_Goal of the exercise_. Each line below must be transcribed exactly, and no picture may appear in the transcription.

_Data for the task_.
========

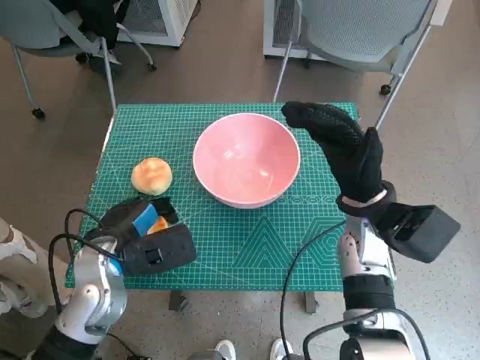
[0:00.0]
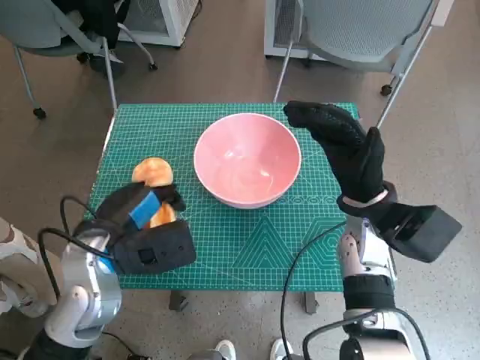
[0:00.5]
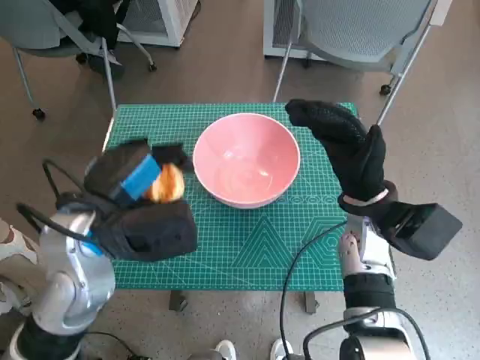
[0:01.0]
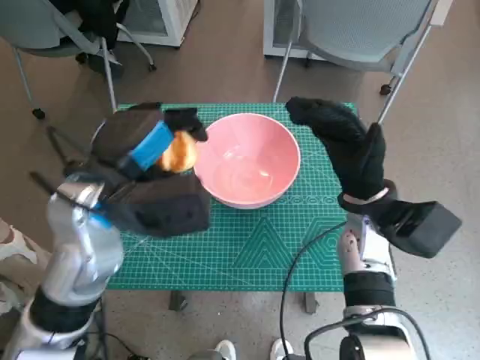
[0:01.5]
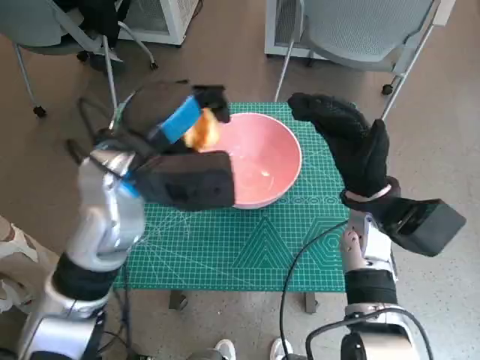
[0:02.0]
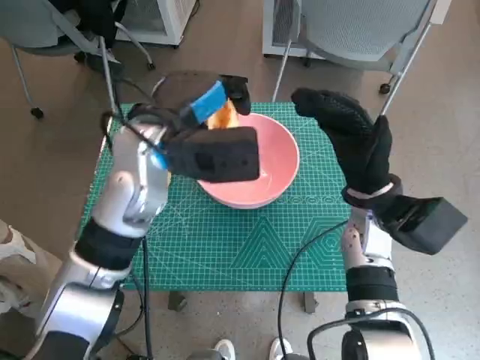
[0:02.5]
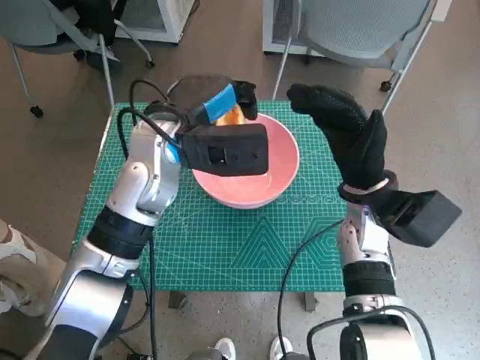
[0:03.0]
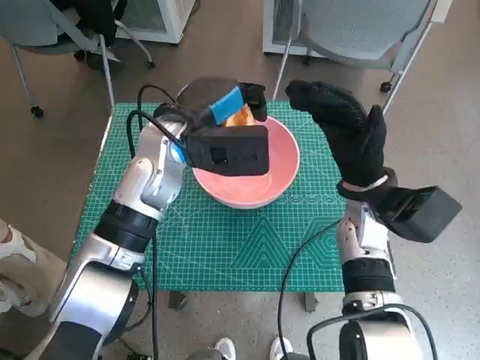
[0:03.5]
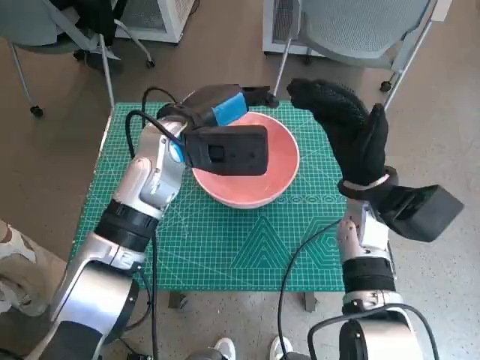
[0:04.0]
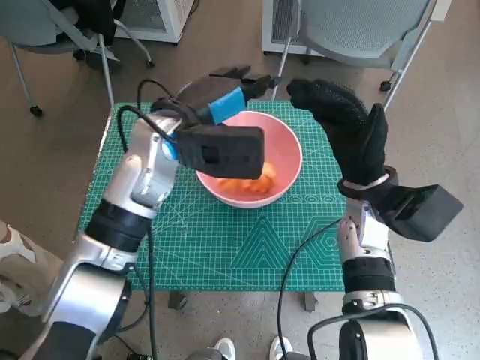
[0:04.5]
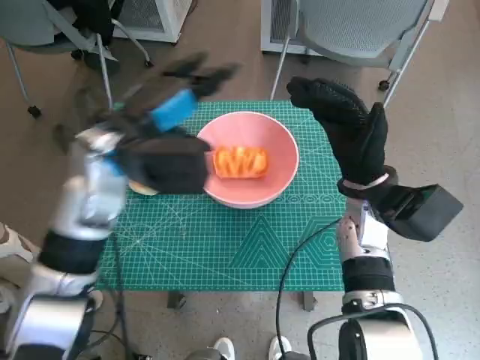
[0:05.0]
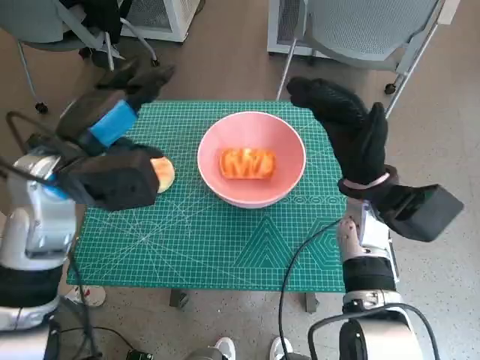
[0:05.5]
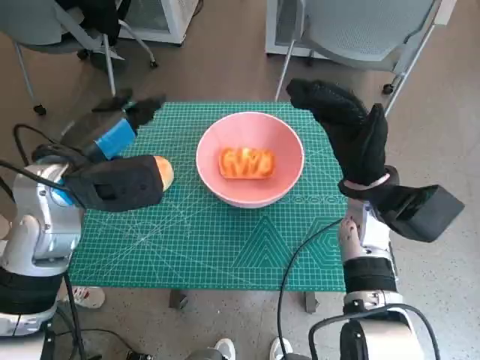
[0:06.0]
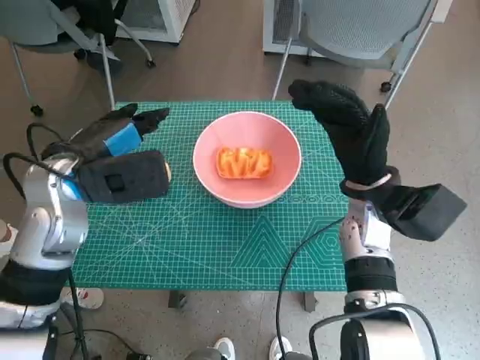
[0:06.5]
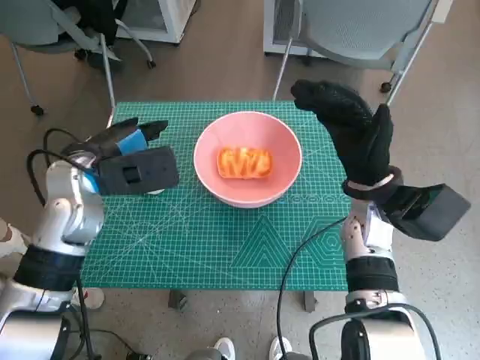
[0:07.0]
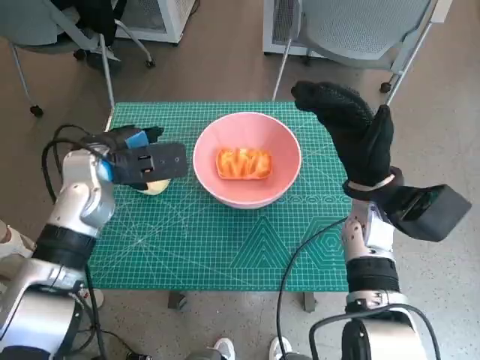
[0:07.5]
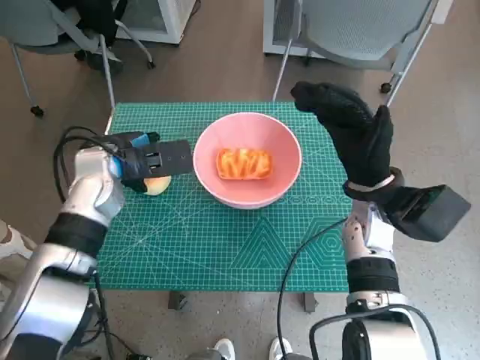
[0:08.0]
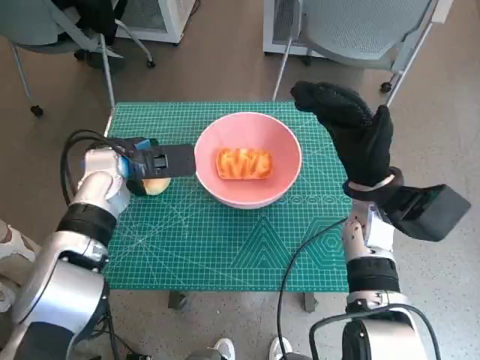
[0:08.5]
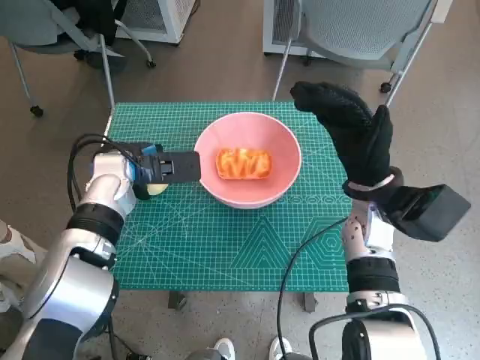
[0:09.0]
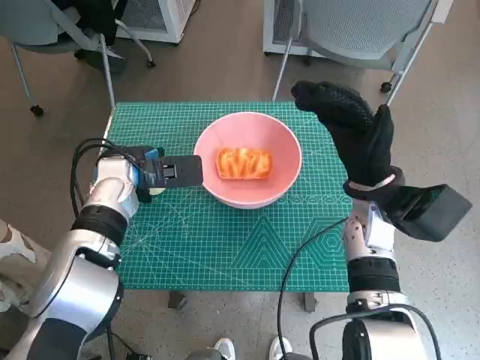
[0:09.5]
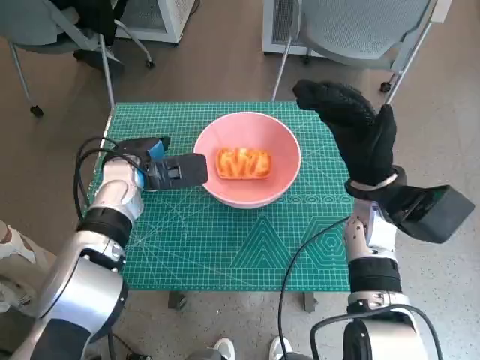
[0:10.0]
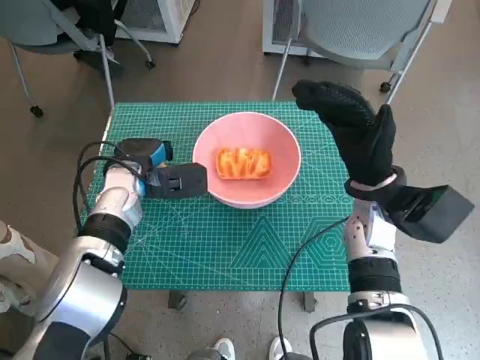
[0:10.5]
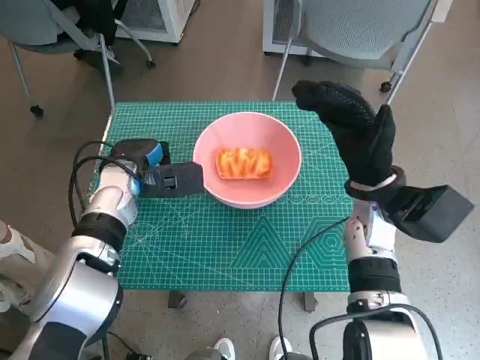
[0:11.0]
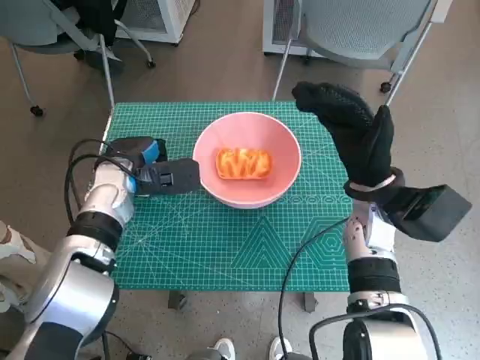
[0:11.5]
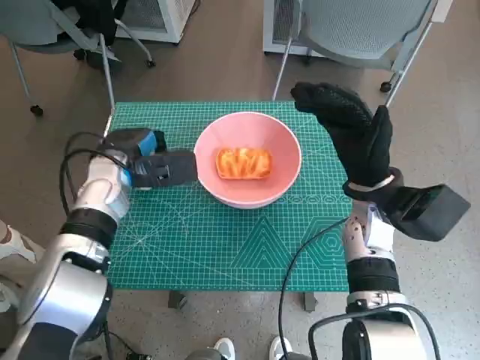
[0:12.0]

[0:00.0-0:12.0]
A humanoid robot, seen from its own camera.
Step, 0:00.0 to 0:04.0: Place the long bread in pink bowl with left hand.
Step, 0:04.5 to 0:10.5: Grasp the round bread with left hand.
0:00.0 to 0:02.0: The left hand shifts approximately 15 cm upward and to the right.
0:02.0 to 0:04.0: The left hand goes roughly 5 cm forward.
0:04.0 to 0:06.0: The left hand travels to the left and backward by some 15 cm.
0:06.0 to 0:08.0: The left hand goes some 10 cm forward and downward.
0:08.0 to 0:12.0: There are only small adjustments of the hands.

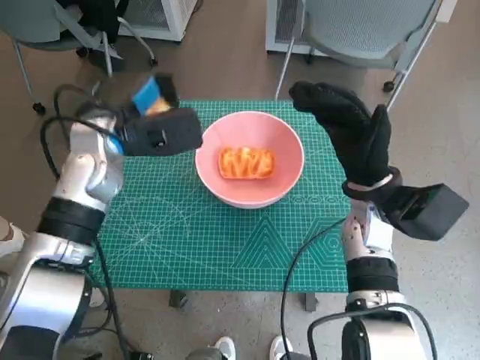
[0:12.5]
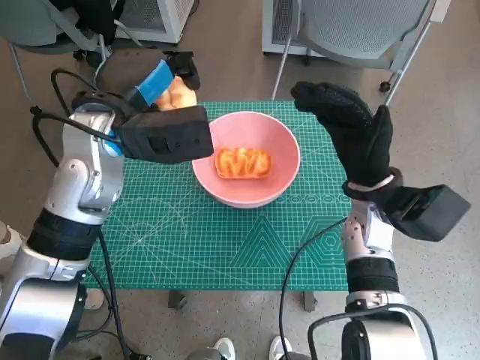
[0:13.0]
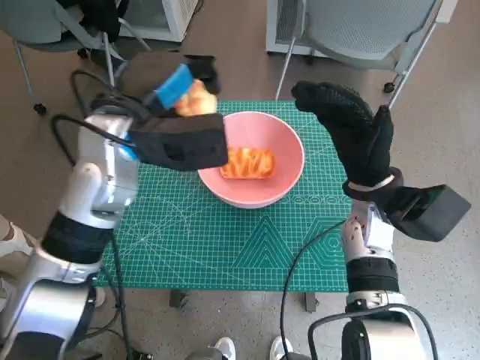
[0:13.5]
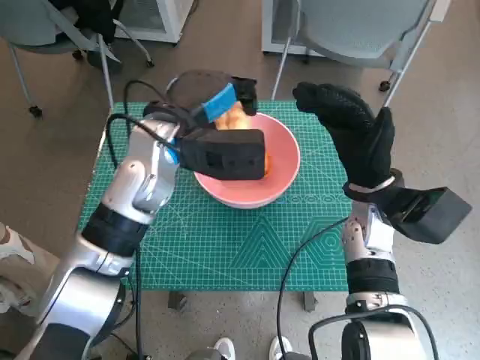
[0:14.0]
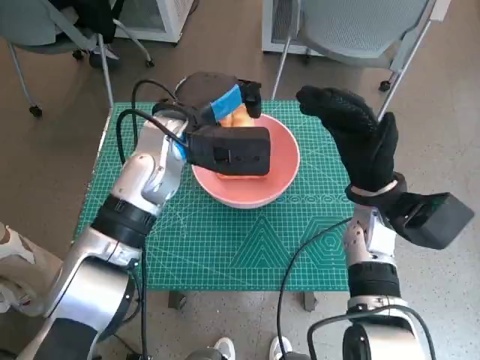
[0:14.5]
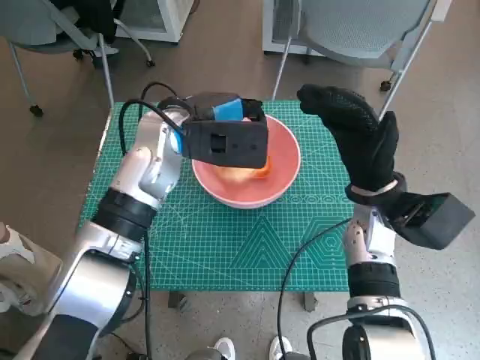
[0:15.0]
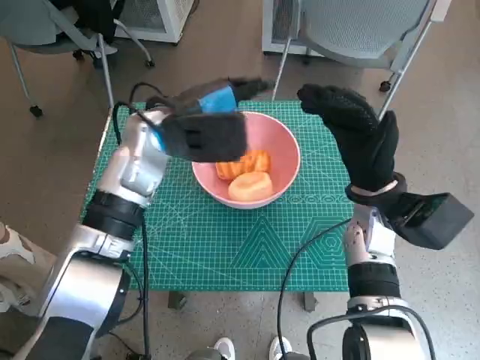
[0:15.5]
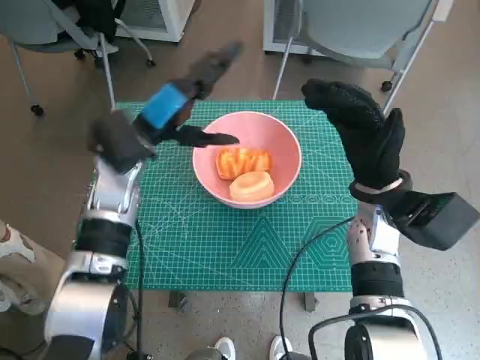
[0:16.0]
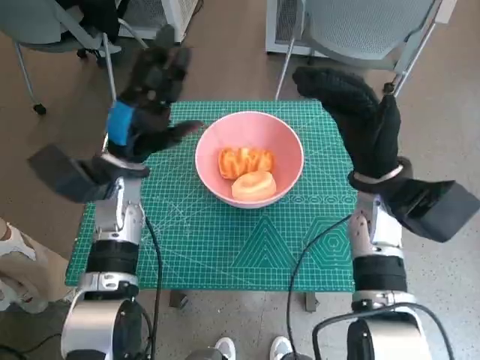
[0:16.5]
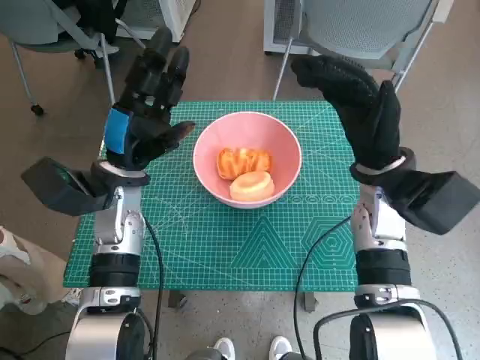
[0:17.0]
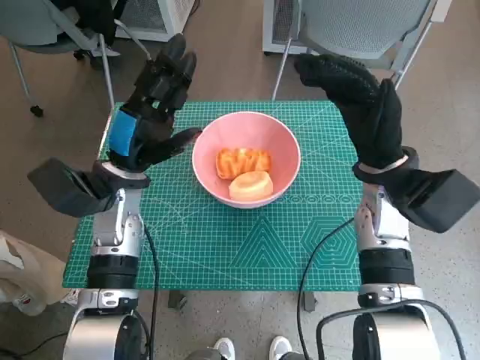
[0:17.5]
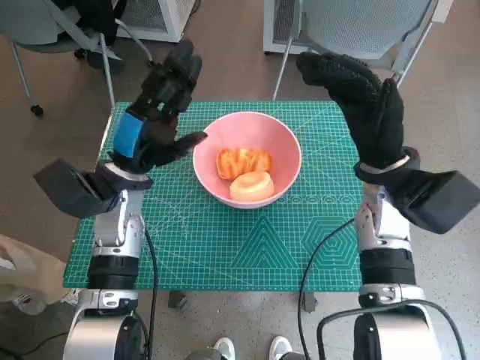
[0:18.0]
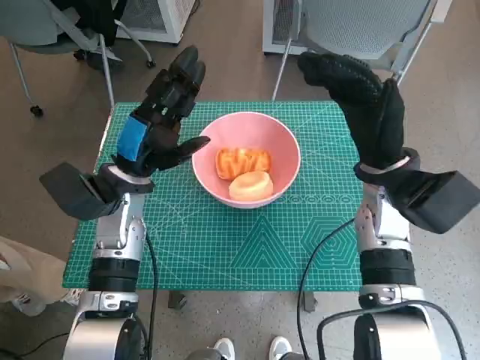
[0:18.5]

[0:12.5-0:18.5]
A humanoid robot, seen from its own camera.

========

_Expected output_.
[0:00.0]
[0:00.5]
[0:01.0]
[0:01.5]
[0:02.0]
[0:02.5]
[0:03.0]
[0:03.5]
[0:04.0]
[0:04.5]
[0:05.0]
[0:05.5]
[0:06.0]
[0:06.5]
[0:07.0]
[0:07.5]
[0:08.0]
[0:08.5]
[0:09.0]
[0:09.5]
[0:10.0]
[0:10.5]
[0:11.0]
[0:11.5]
[0:12.0]

[0:00.0-0:12.0]
A humanoid robot, seen from its own camera.
Step, 0:00.0 to 0:04.0: Place the long bread in pink bowl with left hand.
Step, 0:04.5 to 0:10.5: Grasp the round bread with left hand.
0:00.0 to 0:02.0: The left hand shifts approximately 15 cm upward and to the right.
0:02.0 to 0:04.0: The left hand goes roughly 5 cm forward.
0:04.0 to 0:06.0: The left hand travels to the left and backward by some 15 cm.
0:06.0 to 0:08.0: The left hand goes some 10 cm forward and downward.
0:08.0 to 0:12.0: There are only small adjustments of the hands.

[0:12.5]
[0:13.0]
[0:13.5]
[0:14.0]
[0:14.5]
[0:15.0]
[0:15.5]
[0:16.0]
[0:16.5]
[0:17.0]
[0:17.5]
[0:18.0]
[0:18.5]

[0:12.5-0:18.5]
A humanoid robot, seen from its own camera.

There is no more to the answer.